You will be particularly interested in the two Little Man models, Arm
versions 1 and 2. These models simulate a little man with one arm having
three degrees of freedom (two at shoulder, one at elbow). The little man
reaches out to track a user-movable target with the tip of the "finger," in
three dimensions. Version two includes muscle properties, stretch and tendon
reflex control systems, physical dynamics of the arm, and a visual tracking
system using binocular vision.
The vision system includes everything up to presenting images on the two
retinas (with a sort of ray-tracing to represent target and finger
positions). But then I simply assert that there are perceptual signals
standing for the various positions, without working out HOW they are
generated, and the rest is done with those signals. Each eye "foveates" the
target; the two eyes are turned to fuse the target images. The result is a
doubled image of the fingertip, indicating the relative depth disparity of
target and fingertip. This provides the signal for controlling in radius.
It appears that you're working on the "how" part of this model. If your
project succeeds, you should be able to substitute your vision model for my
sketched-in one, with the result that we would have the Grand Master Model
of visual pointing control.
An object is represented by a hierarchy of features. Features at each
level >of the hierarchy represent an increasingly complex combination of
features >from the preceding levels. Associated with each level is a
difference >measure (error signal?) between model and data. (At the moment
I am >combining the measures, though am considering giving priority to
This is exactly the organization of the perceptual side of the HPCT model.
If you add control loops at each level, you will have a means for
_controlling_ features at one level by _varying_ features at a lower level.
This includes the relationships for passive recognition that you're working
on, but also provides for adjusting the lower-level world so it matches a
higher-level reference condition. So a singer can adjust the pitch of a note
to sing in harmony with a pitch someone else is singing.
Others will answer your question, too; I'll just tackle two of them very
b) PCT and HPCT seem similar to some of the recent approaches in AI and
A-Life (eg Brook's subsumption architecture), where there is an emphasis on
perception for action, what is different about PCT ?

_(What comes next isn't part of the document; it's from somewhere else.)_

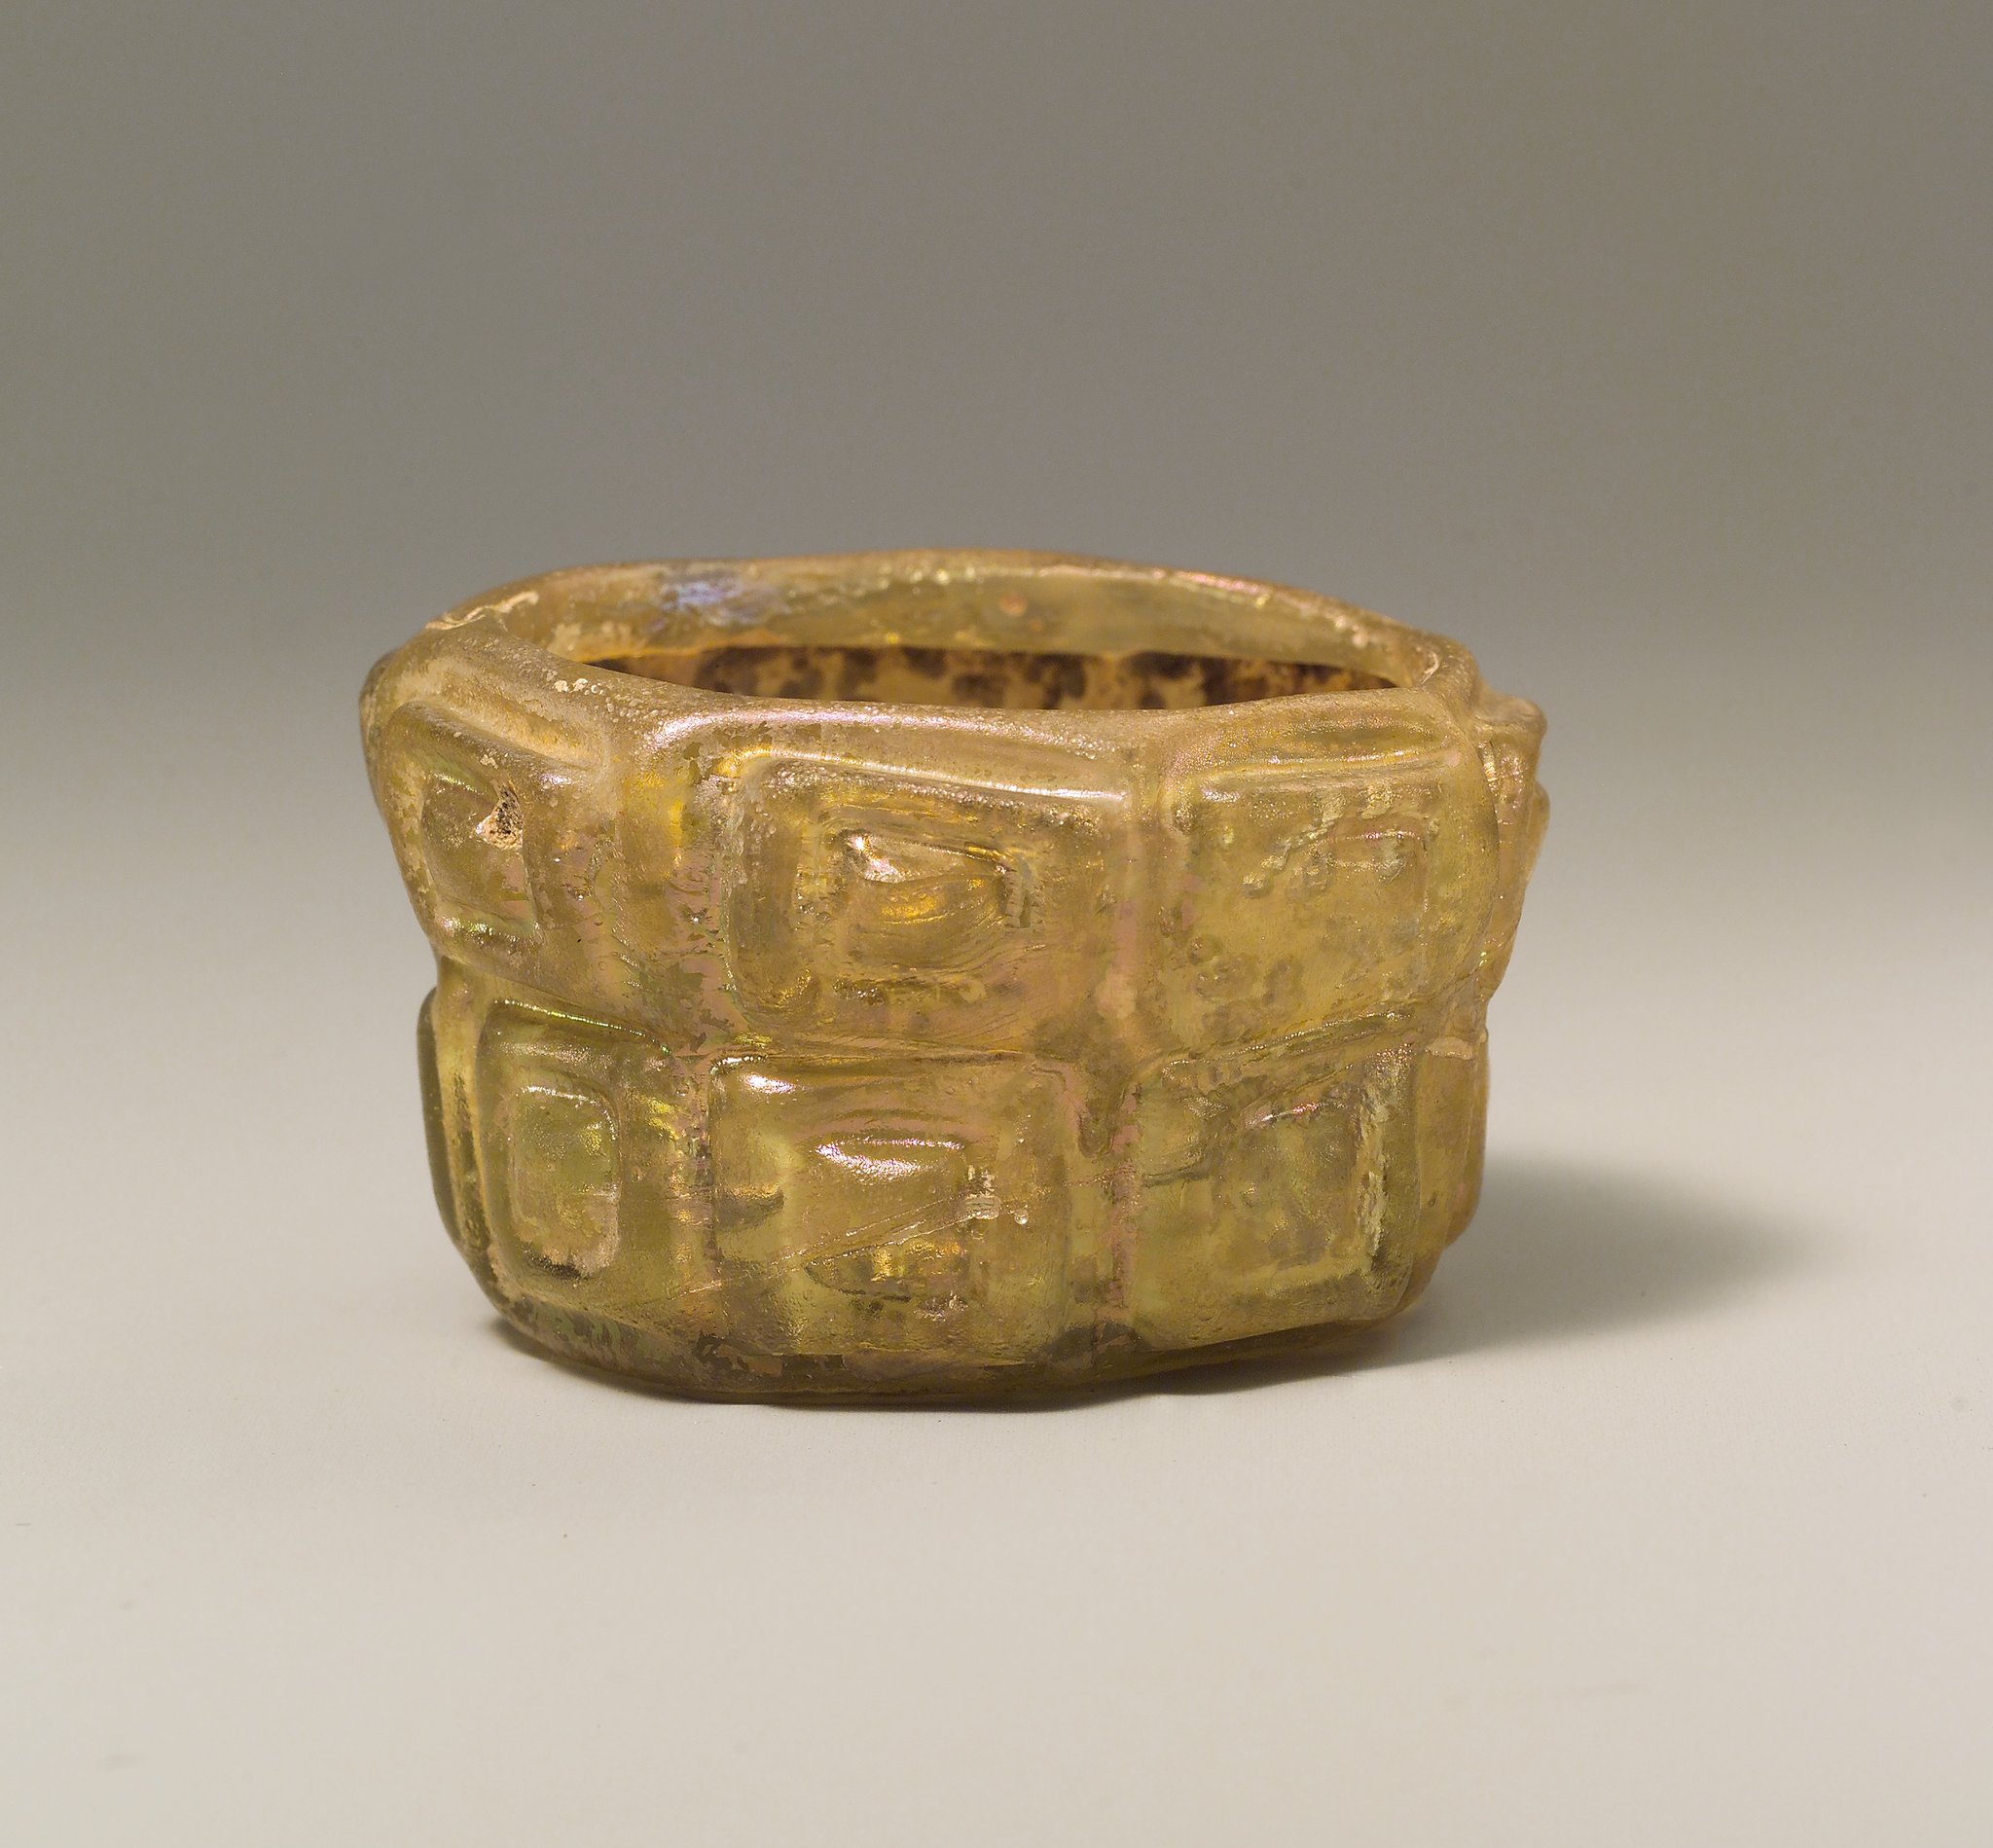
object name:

In Brooks' architecture, as I understood it the last time I looked a couple
of years ago, there is no truly hierarchical structure. Each new control
system at a higher level seems to start from scratch, duplicating low-level
functions of other high-level systems. In HPCT, there is maximum econonomy
of systems, in that a single low-level system is used by ALL high-level
systems that entail its services. I don't know if this is still correct, or
what other differences there may be. Also, it doesn't seem that Brooks'
robots are clearly designed with control of perception in mind. But he's
some some admirably clever things.
c) If I'm correct (from what I've read) a high-level goal is achieved (with
HPCT) by behaving in such a way that the error signal between a mental
model >and current reality is reduced. Let's suppose that the goal is simply
to >look at an object in the room which has been seen before but is not
currently in the field of view. How are we able to represent the object
position in memory such that turning one's head in a particular direction
will reduce the error signal even though the object is not yet directly in
To paraphrase Mark Twain, I am happy to say that I can answer your question
immediately: I don't know.